Let's add a transform to get only the modified data http://kafka.apache.org/documentation/#connect_transforms
docker-compose exec connect curl -s -XPOST -H "Content-Type: application/json; charset=UTF-8" http://localhost:8083/connectors/ -d '
{
"name": "debezium-connector",
"config": {
"connector.class": "io.debezium.connector.mysql.MySqlConnector",
"tasks.max": "1",
"database.hostname": "mysql",
"database.port": "3306",
"database.user": "debezium",
"database.password": "dbz",
"database.server.id": "223344",
"database.server.name": "dbserver1",
"database.whitelist": "mydb",
"database.history.kafka.bootstrap.servers": "kafka-1:9092,kafka-2:9092,kafka-3:9092",
"database.history.kafka.topic": "schema-changes.mydb",
"include.schema.changes": "true" ,
"transforms": "unwrap",
"transforms.unwrap.type": "io.debezium.transforms.UnwrapFromEnvelope",
"transforms.unwrap.drop.tombstones":"false"
}
}'
Let's do database manipulation
docker-compose exec mysql mysql --user=root --password=password --database=mydb -e "select * from team"

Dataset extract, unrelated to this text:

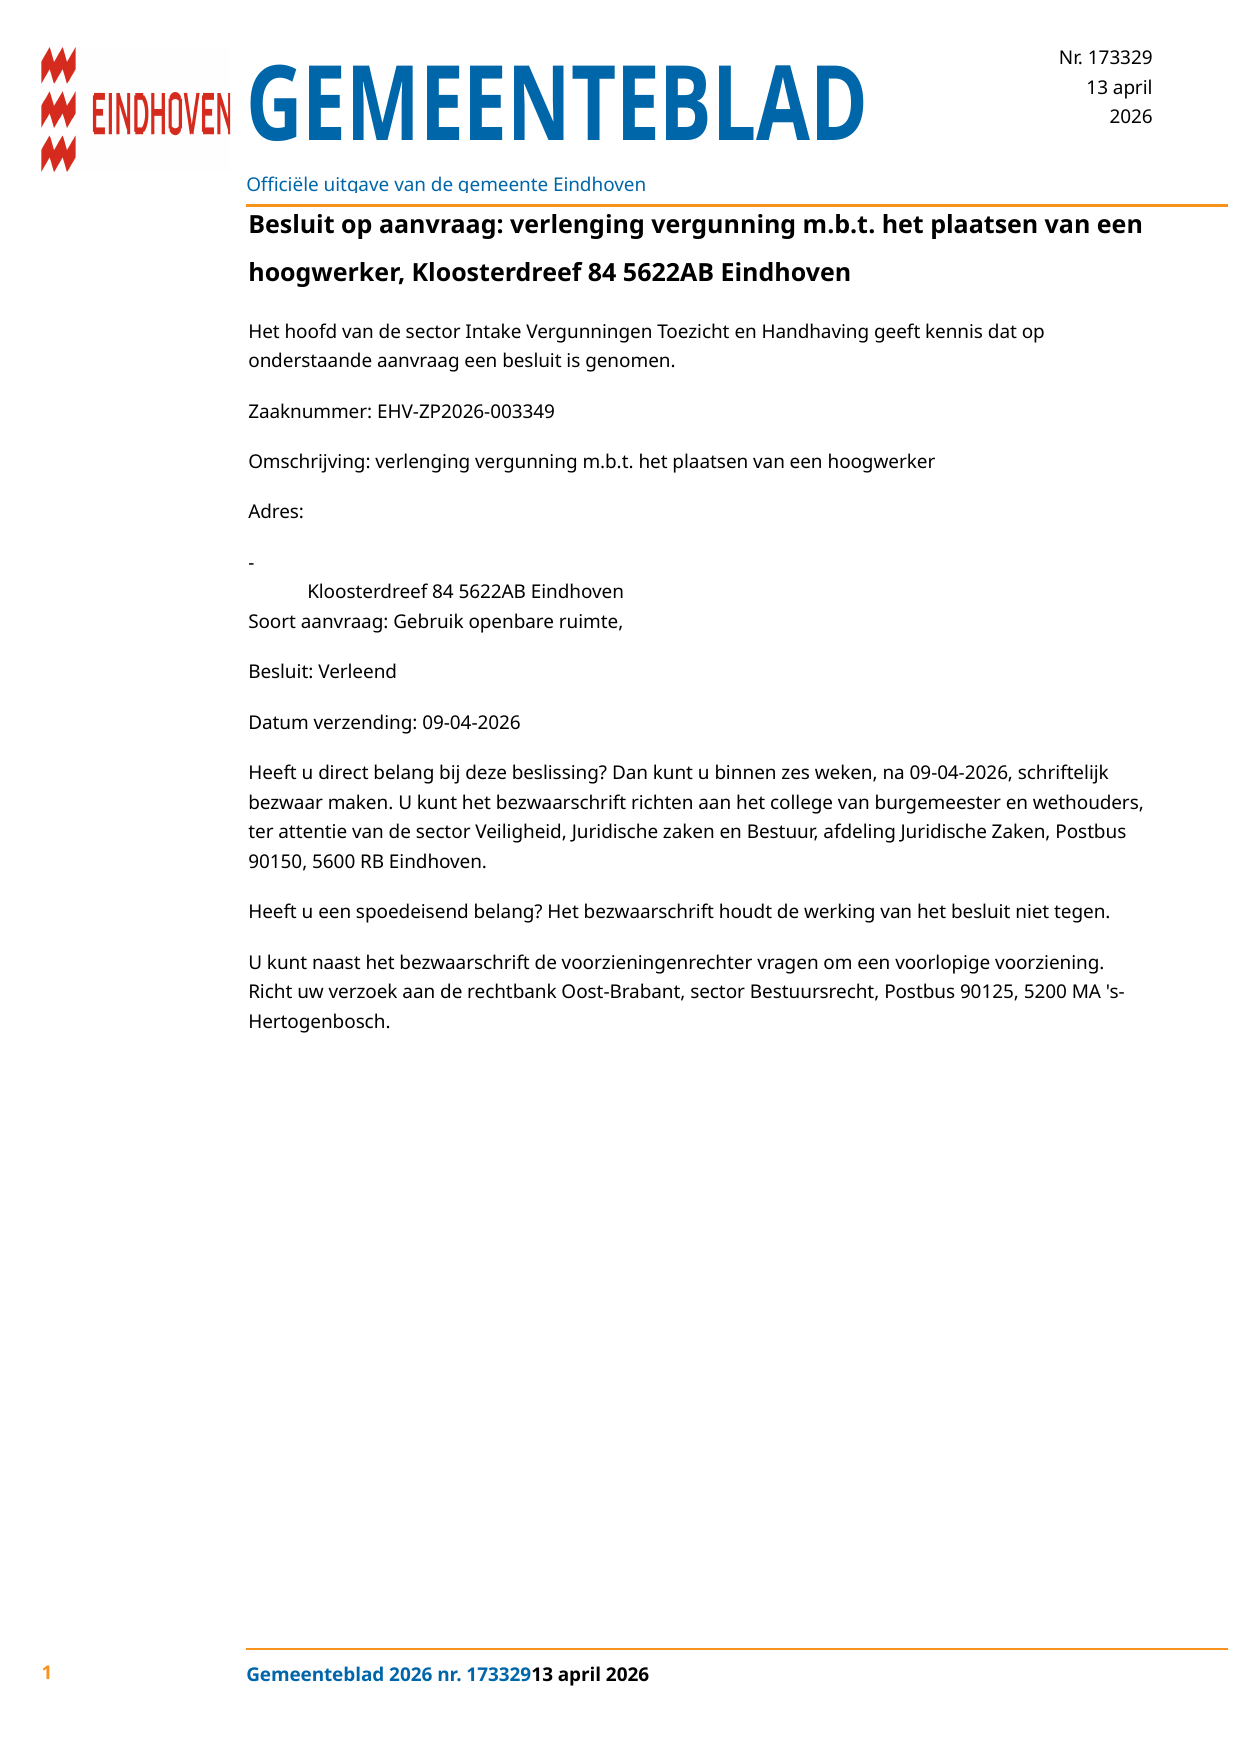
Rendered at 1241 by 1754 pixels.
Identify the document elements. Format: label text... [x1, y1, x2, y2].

docker-compose exec mysql mysql --user=root --password=password --database=mydb -e "
INSERT INTO team ( \
name, \
email, \
last_modified \
) VALUES ( \
'another', \
'[email protected]', \
NOW() \
); "
docker-compose exec mysql mysql --user=root --password=password --database=mydb -e "UPDATE team set name='another name', last_modified = NOW() where id = '2'"
docker-compose exec mysql mysql --user=root --password=password --database=mydb -e "DELETE FROM team WHERE id = 2"
Use ksql
$ docker-compose exec ksql ksql
ksql> SET 'auto.offset.reset' = 'earliest';
Successfully changed local property 'auto.offset.reset' from 'null' to 'earliest'
ksql> CREATE STREAM team WITH (KAFKA_TOPIC='dbserver1.mydb.team', VALUE_FORMAT='AVRO');
Message
----------------------------
Stream created and running
---------------------------
ksql> SELECT * FROM team;
1519925080993 | | 1 | kafka | [email protected] | 1519925014000
1519925111125 | | 2 | another | [email protected] | 1519925110000
1519925120123 | | 2 | another name | [email protected] | 1519925119000
Let's see the real underlying data to detect the deletion
$ docker-compose exec schema-registry kafka-avro-console-consumer \
--bootstrap-server kafka-1:9092,kafka-2:9092,kafka-3:9092 \
--topic dbserver1.mydb.team \
--from-beginning \
--property schema.registry.url=http://localhost:8082
{"id":1,"name":"kafka","email":"[email protected]","last_modified":1519925014000}
{"id":2,"name":"another","email":"[email protected]","last_modified":1519925110000}
{"id":2,"name":"another name","email":"[email protected]","last_modified":1519925119000}
null
We have a null, this is a tombstone.
Let's see with the key
$ docker-compose exec schema-registry kafka-avro-console-consumer \
--bootstrap-server kafka-1:9092,kafka-2:9092,kafka-3:9092 \
--topic dbserver1.mydb.team \
--from-beginning \
--property schema.registry.url=http://localhost:8082 \
--property print.key=true
{"id":1} {"id":1,"name":"kafka","email":"[email protected]","last_modified":1519925014000}
{"id":2} {"id":2,"name":"another","email":"[email protected]","last_modified":1519925110000}
{"id":2} {"id":2,"name":"another name","email":"[email protected]","last_modified":1519925119000}
{"id":2} null
We have detected the deletion, we can make this topic a compacted topic then.
Let's see the topic as of now
$ docker-compose exec kafka-1 kafka-topics --zookeeper zookeeper:2181 --describe --topic dbserver1.mydb.team
Topic:dbserver1.mydb.team PartitionCount:1 ReplicationFactor:3 Configs:
Topic: dbserver1.mydb.team Partition: 0 Leader: 3 Replicas: 3,1,2 Isr: 3,1,2
Let's add the compact policy
$ docker-compose exec kafka-1 kafka-configs \
--zookeeper zookeeper:2181 \
--entity-type topics \
--entity-name dbserver1.mydb.team \
--alter \
--add-config cleanup.policy=compact
Completed Updating config for entity: topic 'dbserver1.mydb.team'.